Special report: Infusion pumps enter the age of integration

by Diana Bradley, Staff Writer | July 13, 2012
From the July 2012 issue of HealthCare Business News magazine

Alternative safety features
Increasingly, today’s infusion systems focus on three core capabilities: reliability of design; robustness of the safety features; and wireless connectivity that enables data analysis of infusions and better, faster understanding of how the device is functioning, explains David Ferguson, vice president of infusion systems at Baxter Healthcare Corp.

An array of safety features are usually available on most pumps, including drug libraries, which issue alerts if a programmed infusion of a drug is outside of recommended parameters.

In April, Baxter completed its acquisition of SIGMA International. Baxter’s SIGMA Spectrum smart infusion system utilizes sophisticated drug error prevention software that helps clinicians avoid programming errors that may result in incorrect administration of infusion therapies. This software, embodied in the Master Drug Library, allows a facility to deliberately set upper and lower dosing limits on infused medications to ensure that programming errors by a clinician do not exceed the facility’s therapeutic guidelines.
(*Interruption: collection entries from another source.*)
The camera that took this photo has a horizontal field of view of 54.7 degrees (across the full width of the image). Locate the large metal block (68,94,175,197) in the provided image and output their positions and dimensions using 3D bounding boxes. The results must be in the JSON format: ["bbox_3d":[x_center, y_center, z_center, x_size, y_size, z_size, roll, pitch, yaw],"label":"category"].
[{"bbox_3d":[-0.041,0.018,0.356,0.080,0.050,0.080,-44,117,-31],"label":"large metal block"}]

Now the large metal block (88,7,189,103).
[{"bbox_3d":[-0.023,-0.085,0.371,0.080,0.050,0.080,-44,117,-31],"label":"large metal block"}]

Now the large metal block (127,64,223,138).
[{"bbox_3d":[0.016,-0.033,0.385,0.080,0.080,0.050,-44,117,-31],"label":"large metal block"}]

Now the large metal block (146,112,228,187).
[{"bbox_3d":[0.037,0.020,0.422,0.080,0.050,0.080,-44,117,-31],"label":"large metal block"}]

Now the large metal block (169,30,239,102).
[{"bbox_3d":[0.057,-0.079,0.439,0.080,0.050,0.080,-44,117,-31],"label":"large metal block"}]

Hospira’s Symbiq, with built-in MedNet safety software, was the first general infusion system developed to provide additional medication error protection by requiring users to select a drug library entry from the safety software for all drug delivery programs. KLAS’ report states that Symbiq infusion pumps have the highest reported safety software drug library compliance among large- volume pumps, at 93 percent. It is also one of the first devices to achieve smart pump EMR integration, also known as IVCI.
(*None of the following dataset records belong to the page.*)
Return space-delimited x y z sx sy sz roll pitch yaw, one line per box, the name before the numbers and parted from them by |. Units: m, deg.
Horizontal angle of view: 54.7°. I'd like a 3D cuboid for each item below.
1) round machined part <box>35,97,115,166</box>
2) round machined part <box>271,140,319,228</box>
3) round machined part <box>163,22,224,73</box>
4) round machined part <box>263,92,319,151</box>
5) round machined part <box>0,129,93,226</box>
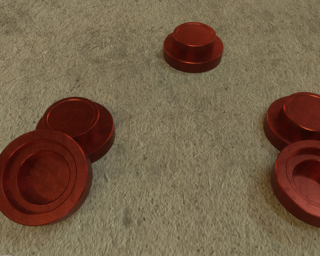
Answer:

Although drug libraries catch most errors, blunders can still occur. In KLAS’ report, 23 percent of surveyed organizations reported serious medication incidents in the past two years and 60 percent of those were made while using drug libraries. In fact, the FDA continues to receive reports related to programming and administration errors, even when clinicians utilize drug libraries.
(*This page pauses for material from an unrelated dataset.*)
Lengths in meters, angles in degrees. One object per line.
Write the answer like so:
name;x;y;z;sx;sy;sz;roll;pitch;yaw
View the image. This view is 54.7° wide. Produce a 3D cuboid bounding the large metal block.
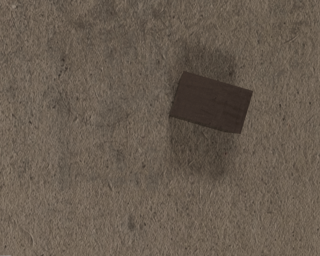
large metal block;0.058;-0.029;0.383;0.080;0.080;0.050;16;90;-1

One case reported through the FDA’s Medical Device Reporting program dealt with an accidental administration of a non-therapeutic anticoagulation dose to a patient. The mix-up ultimately led to a lower extremity amputation. The dosing error possibly caused or contributed to this outcome, though the report was not conclusive. The user facility has since updated the drug library with new minimum hard and soft dose limits for heparin and implemented additional education for the nursing staff to prevent recurrence of this programming error.